Григорий Петрович Данилевский (1829-1890) известен, главным образом, своими историческими романами «Мирович», «Княжна Тараканова». Но его перу принадлежит и множество очерков, описывающих быт его родной Харьковской губернии. Среди них отдельное место занимают «Четыре времени года украинской охоты», где от лица охотника-любителя рассказывается о природе, быте и народных верованиях Украины середины XIX века, о охотничьих приемах и уловках, о повадках дичи и народных суевериях. Произведение написано ярким, живым языком, и будет полезно и приятно не только любителям охоты...
Творчество Уильяма Сарояна хорошо известно в нашей стране. Его произведения не раз издавались на русском языке.В историю современной американской литературы Уильям Сароян (1908–1981) вошел как выдающийся мастер рассказа, соединивший в своей неподражаемой манере традиции А. Чехова и Шервуда Андерсона. Сароян не просто любит людей, он учит своих героев видеть за разнообразными человеческими недостатками светлое и доброе начало.
В книге рассказывается история главного героя, который сталкивается с различными проблемами и препятствиями на протяжении всего своего путешествия. По пути он встречает множество второстепенных персонажей, которые играют важные роли в истории. Благодаря опыту главного героя книга исследует такие темы, как любовь, потеря, надежда и стойкость.

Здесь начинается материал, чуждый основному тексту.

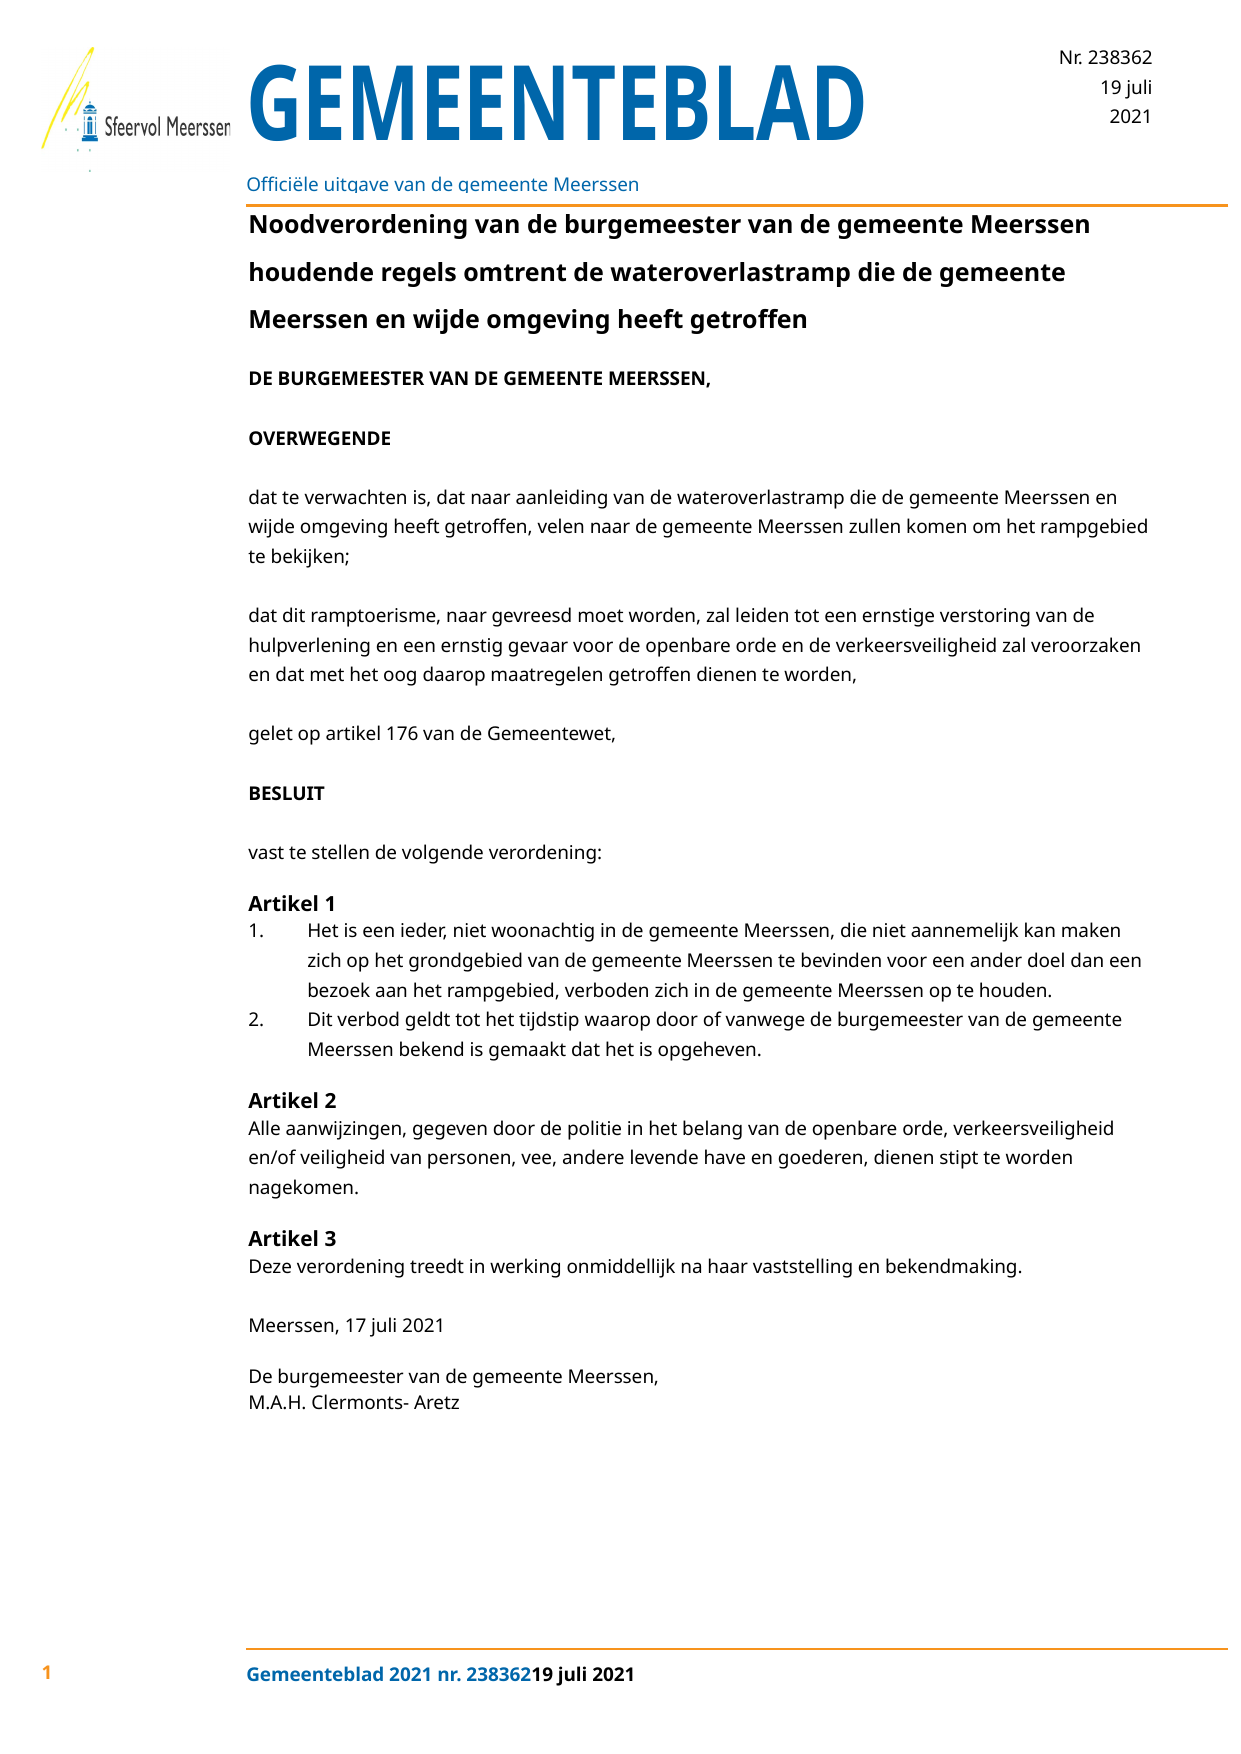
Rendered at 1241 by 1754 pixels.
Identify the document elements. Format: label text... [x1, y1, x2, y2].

text BESLUIT [248, 780, 1152, 805]
list Het is een ieder, niet woonachtig in de gemeente Meerssen, die niet aannemelijk kan maken zich op het grondgebied van de gemeente Meerssen te bevinden voor een ander doel dan een bezoek aan het rampgebied, verboden zich in de gemeente Meerssen op te houden. [248, 918, 1152, 1003]
text dat te verwachten is, dat naar aanleiding van de wateroverlastramp die de gemeente Meerssen en wijde omgeving heeft getroffen, velen naar de gemeente Meerssen zullen komen om het rampgebied te bekijken; [248, 484, 1152, 569]
text De burgemeester van de gemeente Meerssen, [248, 1363, 1152, 1389]
text dat dit ramptoerisme, naar gevreesd moet worden, zal leiden tot een ernstige verstoring van de hulpverlening en een ernstig gevaar voor de openbare orde en de verkeersveiligheid zal veroorzaken en dat met het oog daarop maatregelen getroffen dienen te worden, [248, 602, 1152, 687]
text Noodverordening van de burgemeester van de gemeente Meerssen houdende regels omtrent de wateroverlastramp die de gemeente Meerssen en wijde omgeving heeft getroffen [248, 207, 1152, 336]
text Meerssen, 17 juli 2021 [248, 1312, 1152, 1338]
text vast te stellen de volgende verordening: [248, 839, 1152, 864]
picture [41, 47, 231, 172]
text Artikel 2 [248, 1086, 1152, 1115]
text Deze verordening treedt in werking onmiddellijk na haar vaststelling en bekendmaking. [248, 1253, 1152, 1279]
text Artikel 1 [248, 889, 1152, 918]
text DE BURGEMEESTER VAN DE GEMEENTE MEERSSEN, [248, 366, 1152, 391]
text Artikel 3 [248, 1224, 1152, 1253]
text Alle aanwijzingen, gegeven door de politie in het belang van de openbare orde, verkeersveiligheid en/of veiligheid van personen, vee, andere levende have en goederen, dienen stipt te worden nagekomen. [248, 1115, 1152, 1200]
list Dit verbod geldt tot het tijdstip waarop door of vanwege de burgemeester van de gemeente Meerssen bekend is gemaakt dat het is opgeheven. [248, 1006, 1152, 1062]
text OVERWEGENDE [248, 425, 1152, 450]
text M.A.H. Clermonts- Aretz [248, 1389, 1152, 1415]
text gelet op artikel 176 van de Gemeentewet, [248, 721, 1152, 746]

По мере того, как главный герой преодолевает свои трудности, он усваивает ценные уроки жизни и растет как личность.
Быть похороненным дважды и все равно остаться живым. Родиться в приюте для подкидышей, умереть в богадельне для престарелых, а в промежутке меж этими рубежами помогать Наполеону покорить Европу и Египет — что за судьба! судьба полковника Шабера.
В книге рассказывается история главного героя, который сталкивается с различными проблемами и препятствиями на протяжении всего своего путешествия. По пути он встречает множество второстепенных персонажей, которые играют важные роли в истории. Благодаря опыту главного героя книга исследует такие темы, как любовь, потеря, надежда и стойкость. По мере того, как главный герой преодолевает свои трудности, он усваивает ценные уроки жизни и растет как личность.
«Отец Горио» — один из наиболее значительных романов цикла «Человеческая комедия». Тонкопсихологичная, умная и временами откровенно насмешливая история о ханжестве, религиозном догматизме и извечном одиночестве умных, необычных людей, не выбирающих средств в борьбе за «место под солнцем», написанная полтора века назад, и сейчас читается так, словно создана только вчера!